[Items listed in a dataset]

--------

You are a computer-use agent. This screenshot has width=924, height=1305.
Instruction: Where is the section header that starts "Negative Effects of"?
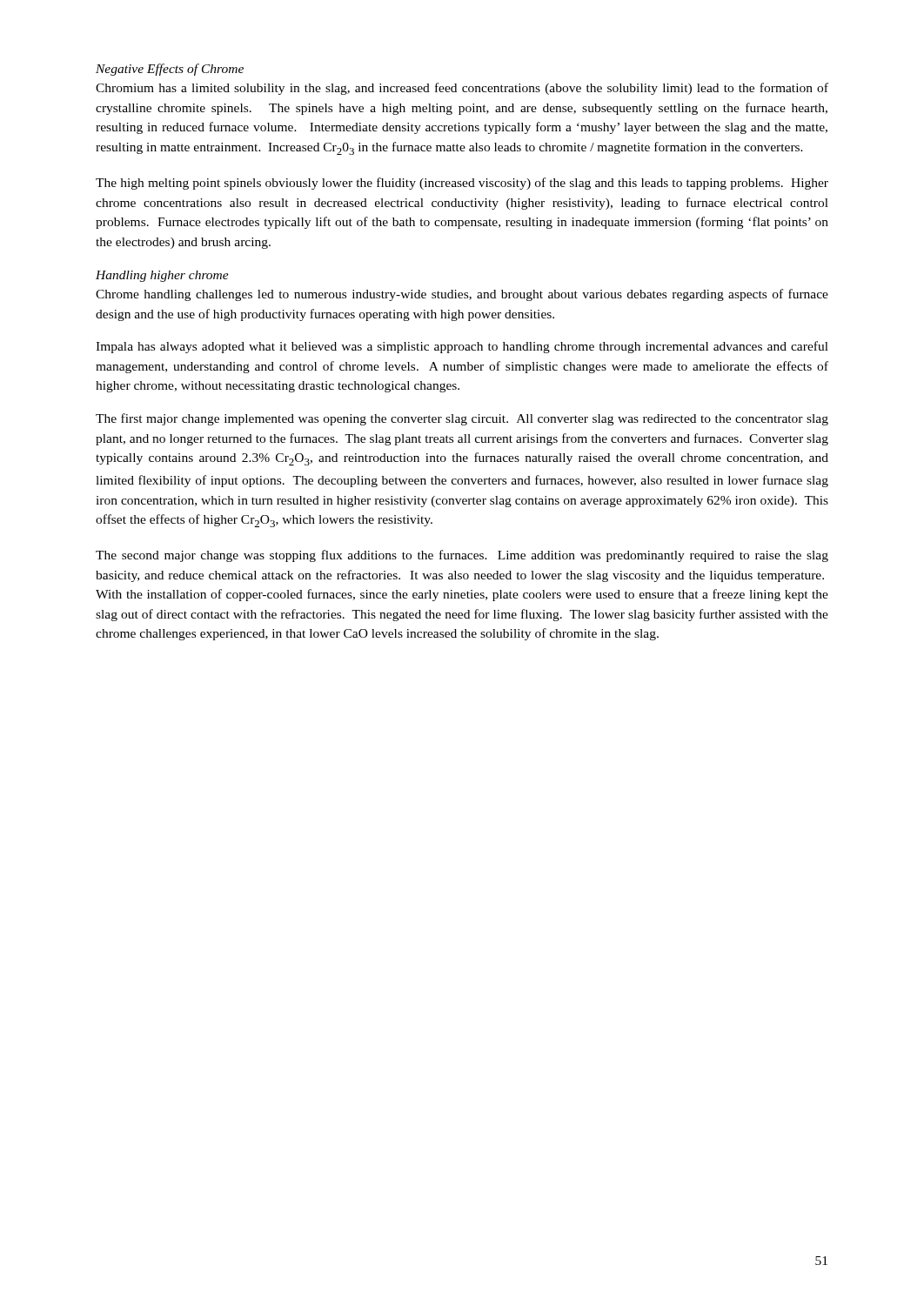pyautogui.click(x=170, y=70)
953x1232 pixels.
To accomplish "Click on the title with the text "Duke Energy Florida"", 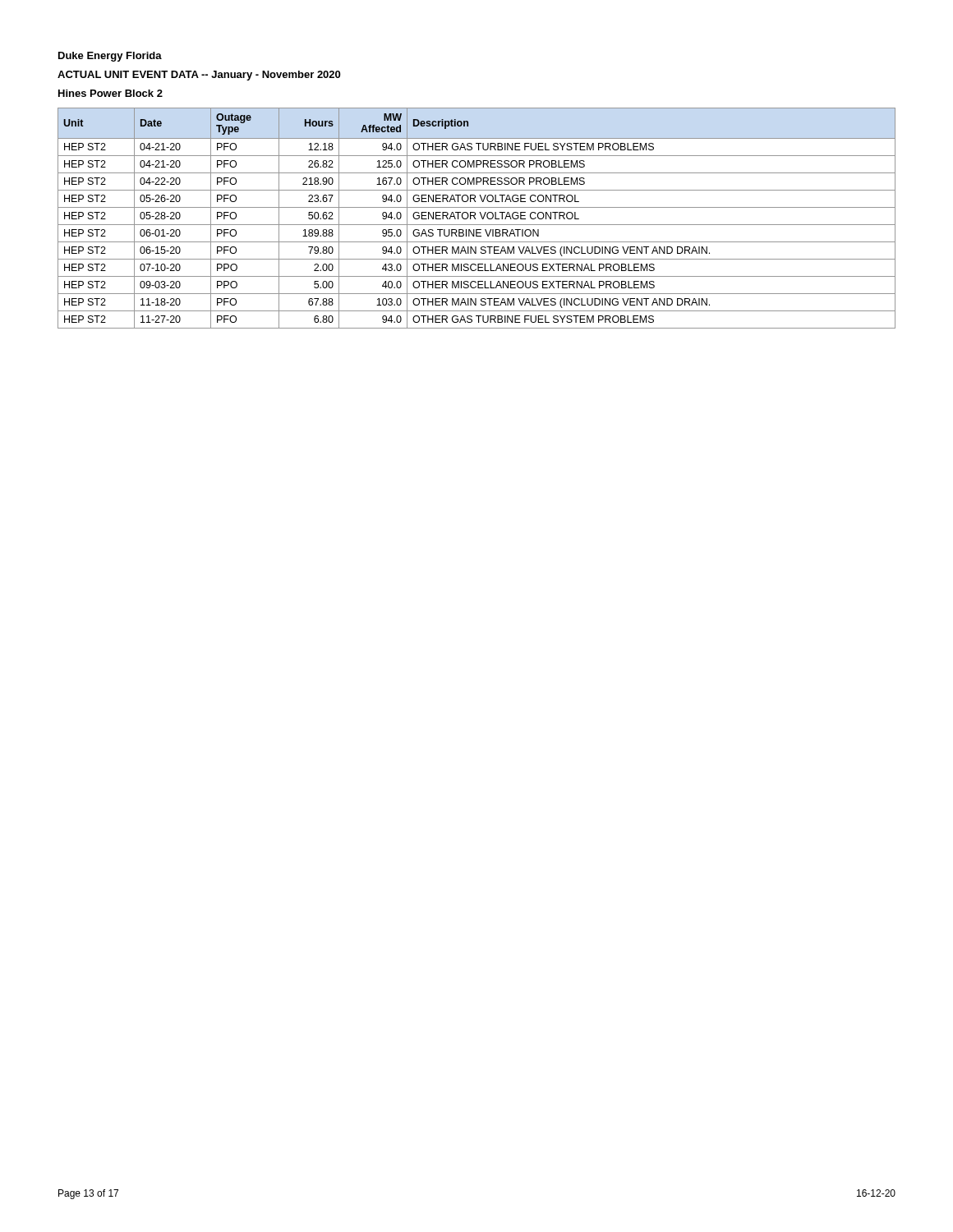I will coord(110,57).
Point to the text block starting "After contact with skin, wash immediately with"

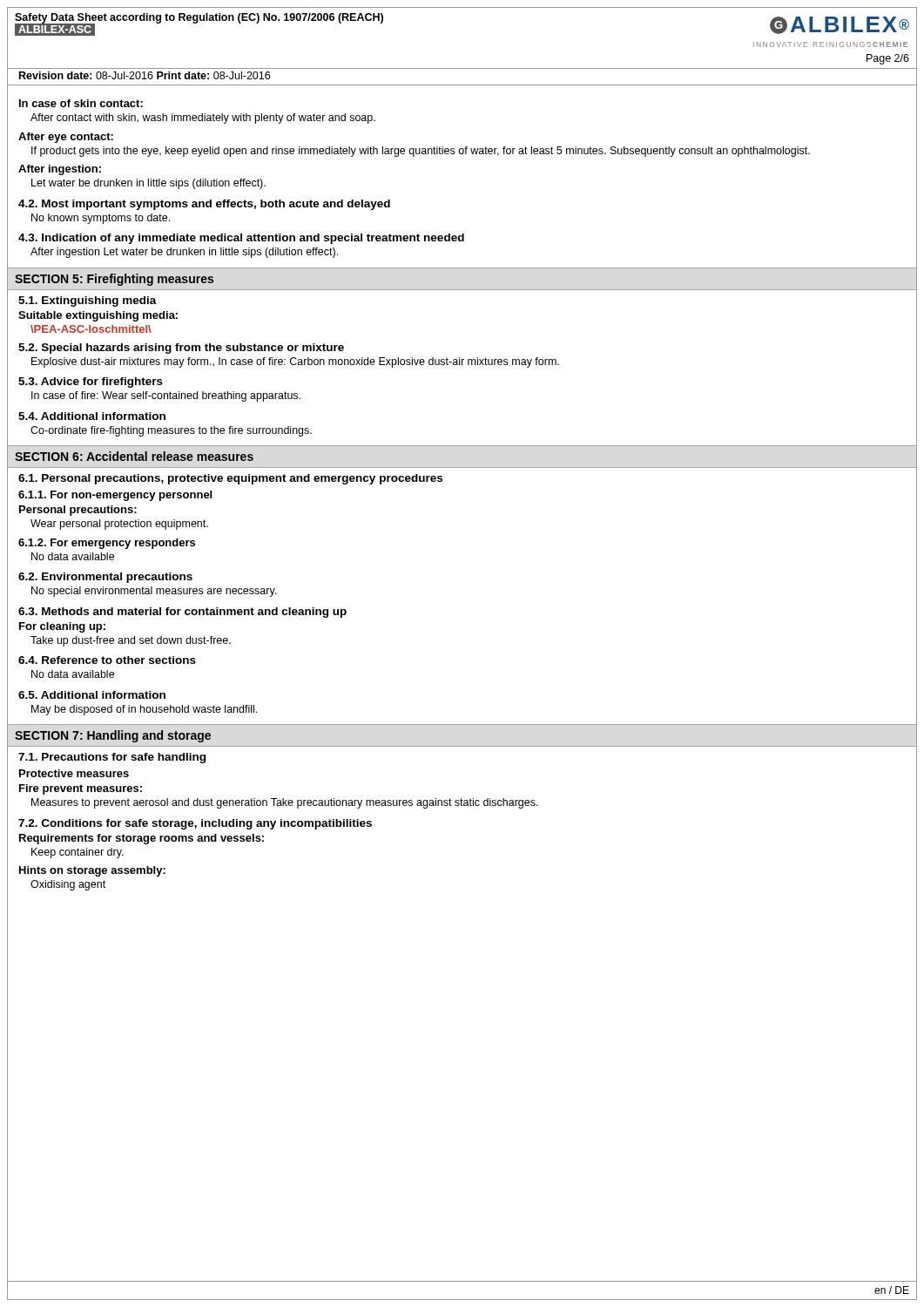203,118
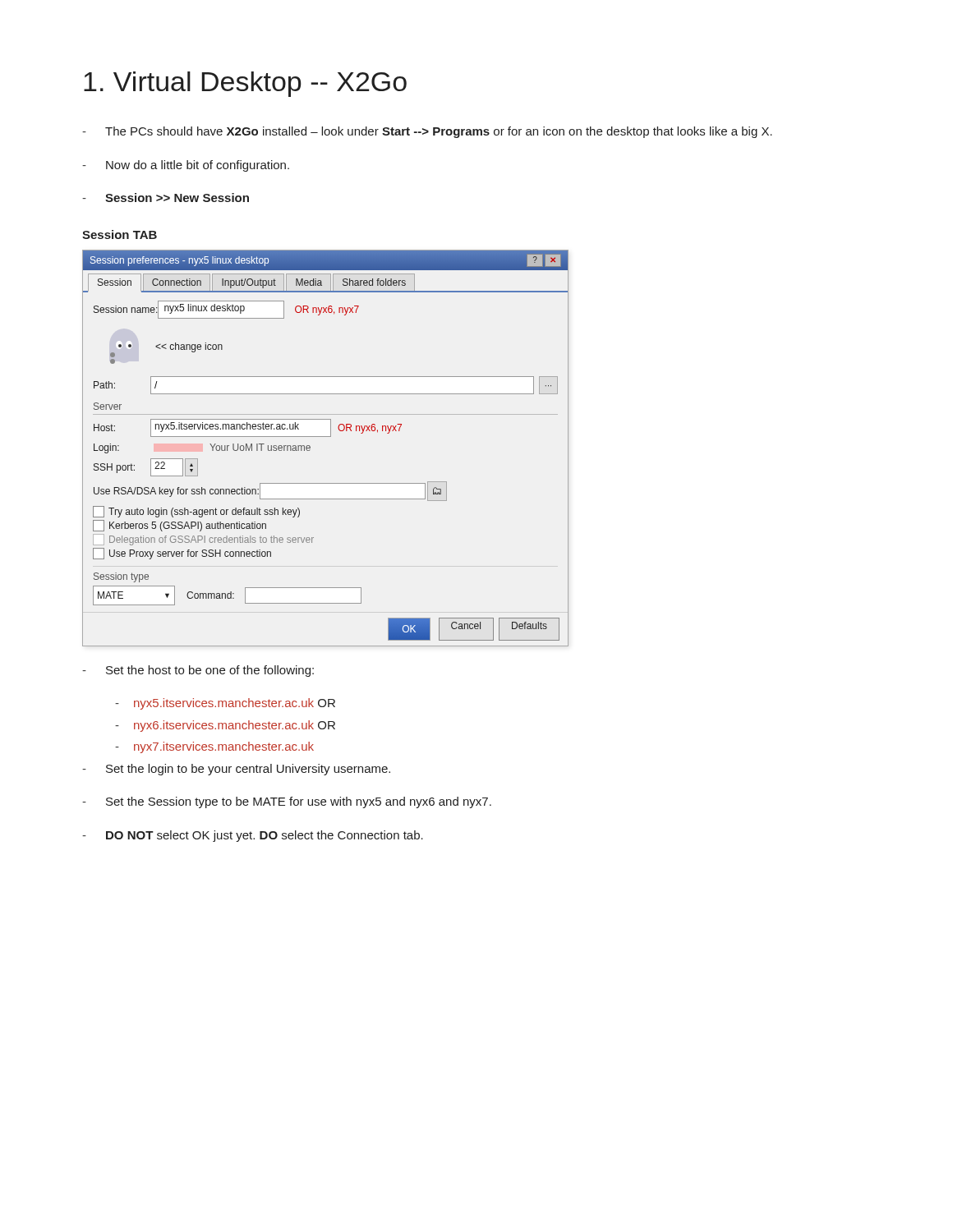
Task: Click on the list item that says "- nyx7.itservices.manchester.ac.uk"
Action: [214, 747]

--------

Exercise - Quote, please, only the lines running from the one with "Point to the" down to the final line of the data above, keeping both ends and skipping the pictures.

Answer to this task -
Point to the text block starting "After contact with skin, wash immediately with"

203,118
Task: Click on the list item that says "- nyx7.itservices.manchester.ac.uk"
Action: [214, 747]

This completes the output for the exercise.